Henri De Braekeleer était issu d’une famille d’artistes, son père Fernand De Braekeleer peignait des scènes de genre et son oncle Henri Leys était peintre d’histoire. Sa technique époustouflante lui donna rapidement la célébrité comme en témoigne cet article d’époque: « Pour lui, la poésie des tons est la vraie lumière, étrange vision qui fait passer toute l’âme et tout la sang de l’artiste dans la richesse et l’harmonie de la couleur vivante. Une vibration intime, extraordinaire, qui prend possession de vous. »
Tel Ensor
Son tableau L’Homme à la chaise, comme assoupi dans un intérieur fastueux, sera vendu bien plus tard, en 1921 pour la somme astronomique pour l’époque de 160000 francs. Un montant à comparer aux 3600 francs annuels seulement que lui donna le marchand d’art Gustave Coûteaux pour s’assurer de recevoir l’intégralité de sa production.
L’exposition au musée Rops préparée par Herwig Todts, spécialiste du peintre au musée d’Anvers, creuse surtout la modernité de l’artiste au-delà de son apparent clacissisme.
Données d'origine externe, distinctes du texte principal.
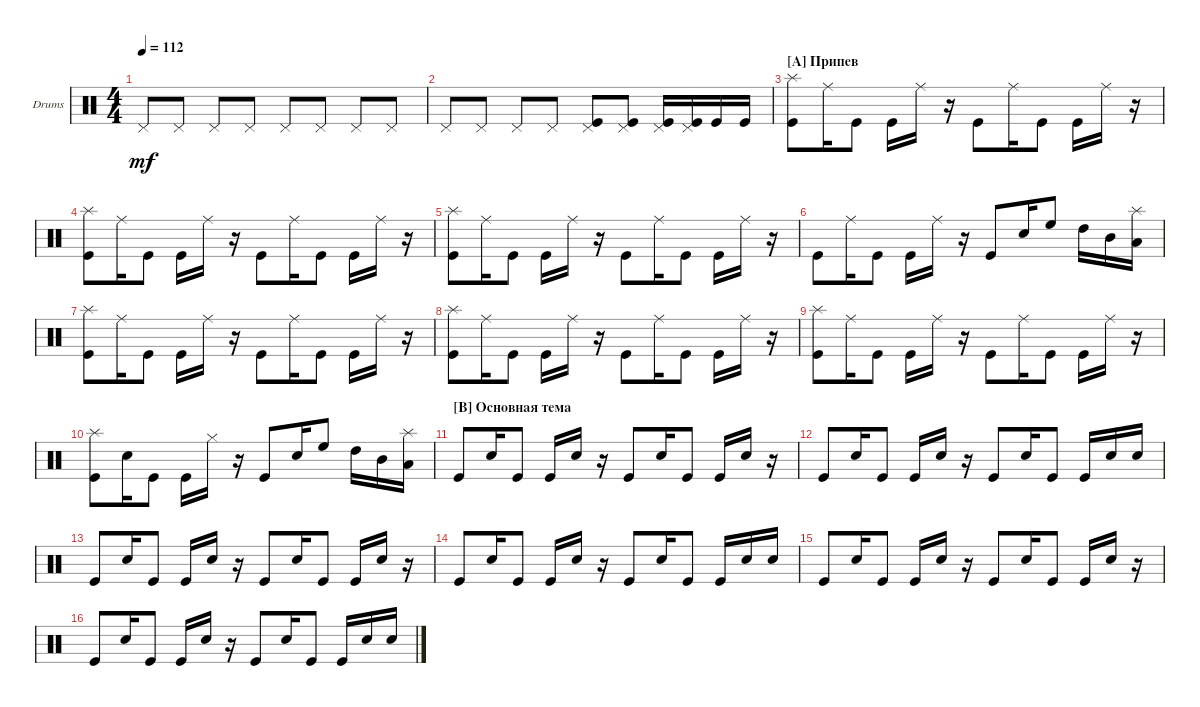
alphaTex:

\defaultSystemsLayout 4
\bracketExtendMode groupsimilarinstruments
\firstSystemTrackNameOrientation horizontal
\otherSystemsTrackNameOrientation horizontal
\track ("Drumkit" "Drums") {instrument percussion}
\staff {score}
\articulation defaults
\ts (4 4)
\tempo 112
\clef neutral
\scale
0.333333
\ks c "Pedal Hi-Hat (hit)".8{dy mf} "Pedal Hi-Hat (hit)".8 "Pedal Hi-Hat (hit)".8 "Pedal Hi-Hat (hit)".8 "Pedal Hi-Hat (hit)".8 "Pedal Hi-Hat (hit)".8 "Pedal Hi-Hat (hit)".8 "Pedal Hi-Hat (hit)".8
|
\scale
0.333333 "Pedal Hi-Hat (hit)".8 "Pedal Hi-Hat (hit)".8 "Pedal Hi-Hat (hit)".8 "Pedal Hi-Hat (hit)".8 ("Pedal Hi-Hat (hit)" "Kick (hit)").8 ("Pedal Hi-Hat (hit)" "Kick (hit)").8 ("Pedal Hi-Hat (hit)" "Kick (hit)").16 ("Pedal Hi-Hat (hit)" "Kick (hit)").16 "Kick (hit)".16 "Kick (hit)".16 |
\section ("A" "Припев")
\scale
0.333333 ("Kick (hit)" "Splash (hit)").8 "Ride (middle)".16 "Kick (hit)".8 "Kick (hit)".16 "Ride (middle)".16 r.16 "Kick (hit)".8 "Ride (middle)".16 "Kick (hit)".8 "Kick (hit)".16 "Ride (middle)".16 r.16 |
\scale
0.333333 ("Kick (hit)" "Splash (hit)").8 "Ride (middle)".16 "Kick (hit)".8 "Kick (hit)".16 "Ride (middle)".16 r.16 "Kick (hit)".8 "Ride (middle)".16 "Kick (hit)".8 "Kick (hit)".16 "Ride (middle)".16 r.16 |
\scale
0.333333 ("Kick (hit)" "Splash (hit)").8 "Ride (middle)".16 "Kick (hit)".8 "Kick (hit)".16 "Ride (middle)".16 r.16 "Kick (hit)".8 "Ride (middle)".16 "Kick (hit)".8 "Kick (hit)".16 "Ride (middle)".16 r.16 |
\scale
0.333333 "Kick (hit)".8 "Ride (middle)".16 "Kick (hit)".8 "Kick (hit)".16 "Ride (middle)".16 r.16 "Kick (hit)".8 "Snare (hit) 2".16 "High Floor Tom (hit)".8 "High Tom (hit)".16 "Mid Tom (hit)".16 ("Low Tom (hit)" "Splash (hit)").16 |
\scale
0.333333 ("Kick (hit)" "Splash (hit)").8 "Ride (middle)".16 "Kick (hit)".8 "Kick (hit)".16 "Ride (middle)".16 r.16 "Kick (hit)".8 "Ride (middle)".16 "Kick (hit)".8 "Kick (hit)".16 "Ride (middle)".16 r.16 |
\scale
0.333333 ("Kick (hit)" "Splash (hit)").8 "Ride (middle)".16 "Kick (hit)".8 "Kick (hit)".16 "Ride (middle)".16 r.16 "Kick (hit)".8 "Ride (middle)".16 "Kick (hit)".8 "Kick (hit)".16 "Ride (middle)".16 r.16 |
("Kick (hit)" "Splash (hit)").8 "Ride (middle)".16 "Kick (hit)".8 "Kick (hit)".16 "Ride (middle)".16 r.16 "Kick (hit)".8 "Ride (middle)".16 "Kick (hit)".8 "Kick (hit)".16 "Ride (middle)".16 r.16 |
("Kick (hit)" "Splash (hit)").8 "Snare (hit) 2".16 "Kick (hit)".8 "Kick (hit)".16 "Hi-Hat (closed)".16 r.16 "Kick (hit)".8 "Snare (hit) 2".16 "High Floor Tom (hit)".8 "High Tom (hit)".16 "Mid Tom (hit)".16 ("Low Tom (hit)" "Splash (hit)").16 |
\section ("B" "Основная тема")
"Kick (hit)".8 "Snare (hit) 2".16 "Kick (hit)".8 "Kick (hit)".16 "Snare (hit) 2".16 r.16 "Kick (hit)".8 "Snare (hit) 2".16 "Kick (hit)".8 "Kick (hit)".16 "Snare (hit) 2".16 r.16 |
"Kick (hit)".8 "Snare (hit) 2".16 "Kick (hit)".8 "Kick (hit)".16 "Snare (hit) 2".16 r.16 "Kick (hit)".8 "Snare (hit) 2".16 "Kick (hit)".8 "Kick (hit)".16 "Snare (hit) 2".16 "Snare (hit) 2".16 |
"Kick (hit)".8 "Snare (hit) 2".16 "Kick (hit)".8 "Kick (hit)".16 "Snare (hit) 2".16 r.16 "Kick (hit)".8 "Snare (hit) 2".16 "Kick (hit)".8 "Kick (hit)".16 "Snare (hit) 2".16 r.16 |
"Kick (hit)".8 "Snare (hit) 2".16 "Kick (hit)".8 "Kick (hit)".16 "Snare (hit) 2".16 r.16 "Kick (hit)".8 "Snare (hit) 2".16 "Kick (hit)".8 "Kick (hit)".16 "Snare (hit) 2".16 "Snare (hit) 2".16 |
"Kick (hit)".8 "Snare (hit) 2".16 "Kick (hit)".8 "Kick (hit)".16 "Snare (hit) 2".16 r.16 "Kick (hit)".8 "Snare (hit) 2".16 "Kick (hit)".8 "Kick (hit)".16 "Snare (hit) 2".16 r.16 |
"Kick (hit)".8 "Snare (hit) 2".16 "Kick (hit)".8 "Kick (hit)".16 "Snare (hit) 2".16 r.16 "Kick (hit)".8 "Snare (hit) 2".16 "Kick (hit)".8 "Kick (hit)".16 "Snare (hit) 2".16 "Snare (hit) 2".16
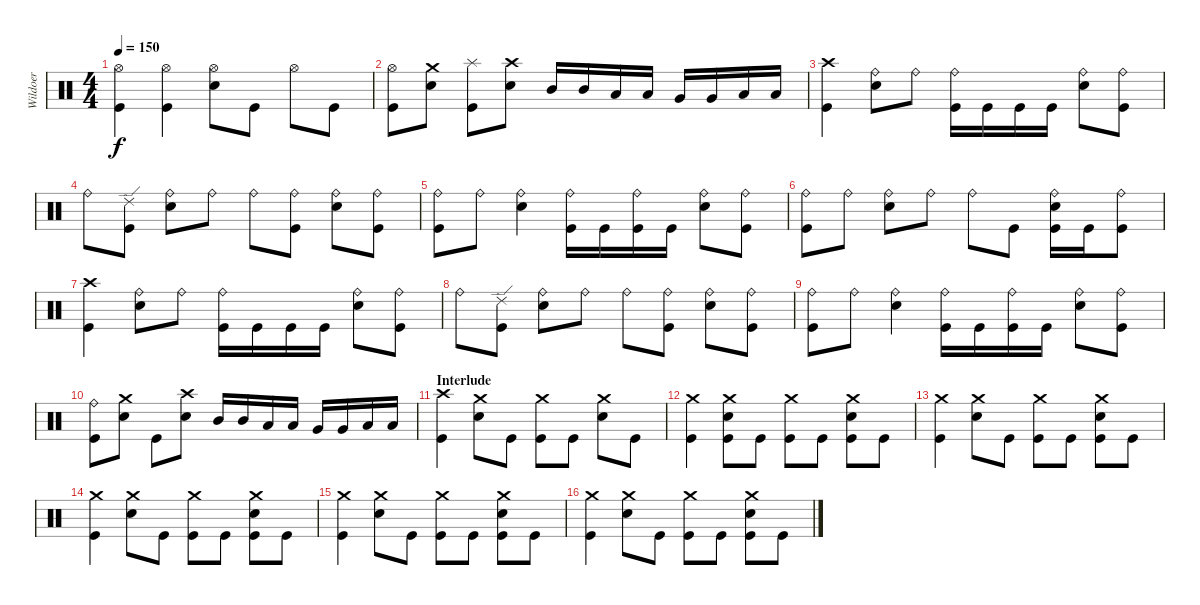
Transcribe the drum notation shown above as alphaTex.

\track ("Wildoer" "Wildoer") {instrument percussion}
\staff {score}
\articulation defaults
\ts (4 4)
\tempo 150
\clef neutral
\ks c
("Hi-Hat (open)" "Kick (hit)").4{dy f} ("Hi-Hat (open)" "Kick (hit)").4 ("Hi-Hat (open)" "Electric Snare (hit)").8 "Kick (hit)".8 "Hi-Hat (open)".8 "Kick (hit)".8 |
("Hi-Hat (open)" "Kick (hit)").8 ("Crash medium (hit)" "Electric Snare (hit)").8 ("Splash (hit)" "Kick (hit)").8 ("Crash high (hit)" "Electric Snare (hit)").8 "Mid Tom (hit)".16 "Mid Tom (hit)".16 "Low Tom (hit)".16 "Low Tom (hit)".16 "Very Low Tom (hit)".16 "Very Low Tom (hit)".16 "Low Floor Tom (hit)".16 "Low Floor Tom (hit)".16 |
("Crash high (hit)" "Kick (hit)").4 ("Ride (bell)" "Electric Snare (hit)").8 "Ride (bell)".8 ("Ride (bell)" "Kick (hit)").16 "Kick (hit)".16 "Kick (hit)".16 "Kick (hit)".16 ("Ride (bell)" "Electric Snare (hit)").8 ("Ride (bell)" "Kick (hit)").8 |
"Ride (bell)".8 ("Ride (edge) 2" "Kick (hit)").8 ("Ride (bell)" "Electric Snare (hit)").8 "Ride (bell)".8 "Ride (bell)".8 ("Ride (bell)" "Kick (hit)").8 ("Ride (bell)" "Electric Snare (hit)").8 ("Ride (bell)" "Kick (hit)").8 |
("Ride (bell)" "Kick (hit)").8 "Ride (bell)".8 ("Ride (bell)" "Electric Snare (hit)").4 ("Ride (bell)" "Kick (hit)").16 "Kick (hit)".16 ("Ride (bell)" "Kick (hit)").16 "Kick (hit)".16 ("Ride (bell)" "Electric Snare (hit)").8 ("Ride (bell)" "Kick (hit)").8 |
("Ride (bell)" "Kick (hit)").8 "Ride (bell)".8 ("Ride (bell)" "Electric Snare (hit)").8 "Ride (bell)".8 "Ride (bell)".8 "Kick (hit)".8 ("Ride (bell)" "Electric Snare (hit)" "Kick (hit)").16 "Kick (hit)".16 ("Ride (bell)" "Kick (hit)").8 |
("Crash high (hit)" "Kick (hit)").4 ("Ride (bell)" "Electric Snare (hit)").8 "Ride (bell)".8 ("Ride (bell)" "Kick (hit)").16 "Kick (hit)".16 "Kick (hit)".16 "Kick (hit)".16 ("Ride (bell)" "Electric Snare (hit)").8 ("Ride (bell)" "Kick (hit)").8 |
"Ride (bell)".8 ("Ride (edge) 2" "Kick (hit)").8 ("Ride (bell)" "Electric Snare (hit)").8 "Ride (bell)".8 "Ride (bell)".8 ("Ride (bell)" "Kick (hit)").8 ("Ride (bell)" "Electric Snare (hit)").8 ("Ride (bell)" "Kick (hit)").8 |
("Ride (bell)" "Kick (hit)").8 "Ride (bell)".8 ("Ride (bell)" "Electric Snare (hit)").4 ("Ride (bell)" "Kick (hit)").16 "Kick (hit)".16 ("Ride (bell)" "Kick (hit)").16 "Kick (hit)".16 ("Ride (bell)" "Electric Snare (hit)").8 ("Ride (bell)" "Kick (hit)").8 |
("Ride (bell)" "Kick (hit)").8 ("Crash medium (hit)" "Electric Snare (hit)").8 "Kick (hit)".8 ("Crash high (hit)" "Electric Snare (hit)").8 "Mid Tom (hit)".16 "Mid Tom (hit)".16 "Low Tom (hit)".16 "Low Tom (hit)".16 "Very Low Tom (hit)".16 "Very Low Tom (hit)".16 "Low Floor Tom (hit)".16 "Low Floor Tom (hit)".16 |
\section ("" "Interlude")
("Crash high (hit)" "Kick (hit)").4 ("Crash medium (hit)" "Electric Snare (hit)").8 "Kick (hit)".8 ("Crash medium (hit)" "Kick (hit)").8 "Kick (hit)".8 ("Crash medium (hit)" "Electric Snare (hit)").8 "Kick (hit)".8 |
("Crash medium (hit)" "Kick (hit)").4 ("Crash medium (hit)" "Electric Snare (hit)" "Kick (hit)").8 "Kick (hit)".8 ("Crash medium (hit)" "Kick (hit)").8 "Kick (hit)".8 ("Crash medium (hit)" "Electric Snare (hit)" "Kick (hit)").8 "Kick (hit)".8 |
("Crash medium (hit)" "Kick (hit)").4 ("Crash medium (hit)" "Electric Snare (hit)").8 "Kick (hit)".8 ("Crash medium (hit)" "Kick (hit)").8 "Kick (hit)".8 ("Crash medium (hit)" "Electric Snare (hit)" "Kick (hit)").8 "Kick (hit)".8 |
("Crash medium (hit)" "Kick (hit)").4 ("Crash medium (hit)" "Electric Snare (hit)").8 "Kick (hit)".8 ("Crash medium (hit)" "Kick (hit)").8 "Kick (hit)".8 ("Crash medium (hit)" "Electric Snare (hit)" "Kick (hit)").8 "Kick (hit)".8 |
("Crash medium (hit)" "Kick (hit)").4 ("Crash medium (hit)" "Electric Snare (hit)").8 "Kick (hit)".8 ("Crash medium (hit)" "Kick (hit)").8 "Kick (hit)".8 ("Crash medium (hit)" "Electric Snare (hit)" "Kick (hit)").8 "Kick (hit)".8 |
("Crash medium (hit)" "Kick (hit)").4 ("Crash medium (hit)" "Electric Snare (hit)").8 "Kick (hit)".8 ("Crash medium (hit)" "Kick (hit)").8 "Kick (hit)".8 ("Crash medium (hit)" "Electric Snare (hit)" "Kick (hit)").8 "Kick (hit)".8

De Braekeleer fut tôt influencé par le réalisme de Courbet et s’est mis à peindre les petits métiers d’Anvers. Il comprit aussi qu’un peintre moderne devait renouveler les aspects purement picturaux du tableau. Sa touche se fit plus large, plus impressionniste. Van Gogh n’hésita pas alors à le comparer à Manet. Le groupe des XX à Bruxelles, d’avant-garde, célèbra De Braekeleer en 1887 au salon de Bruxelles en exposant sept de ses oeuvres.
La femme du peuple, Femme assise, ou ses vues de la plage à Heist, sont résolument modernes et rejoignent la modernité d’Ensor comme le fit remarquer Rik Wouters. La lumière joue sur les touches de couleurs, le peintre cherche une réalité plus profonde que la simple reproduction de ce qu’il voit. S’il varie peu dans le choix de ses sujets, il renouvelle résolument sa manière de peindre.

Il connut une mystérieuse fin de vie. De 1877 à 1884, il ne signe plus de tableau, touché sans doute par la maladie ou le spleen et il meurt en 1888 à 48 ans d’une cause restée inconnue.
Henri De Braekeleer, un Anversois vendant à la bourgeoisie francophone bruxelloise, était disait-on « de l’école flamande ». Un qualificatif que Rops rejetait. Ses propos ont une curieuse résonance aujourd’hui que la Flandre parle de créer un « canon » de sa culture » : « Comme chez tous les peuples neufs, on exagère surtout en Flandre le sentiment de cette nationalité panachée. Il n’y a pas au 19e siècle, d’Ecole flamande, disait-il. Il y a en Belgique, des gens qui ont beaucoup de talents et ils sont aussi nombreux qu’ailleurs et d’autres qui n’ont rien du tout et qui sont encore plus nombreux. Sans compter que dans un pays comme la Belgique, où l’étroitesse du territoire a forcé galamment ses habitants à des rapprochements aussi internes que mêlés, il est bien difficile de remonter aux sources. »

>>> Henri De Braekeleer, musée Rops, à Namur, jusqu’au 2 février.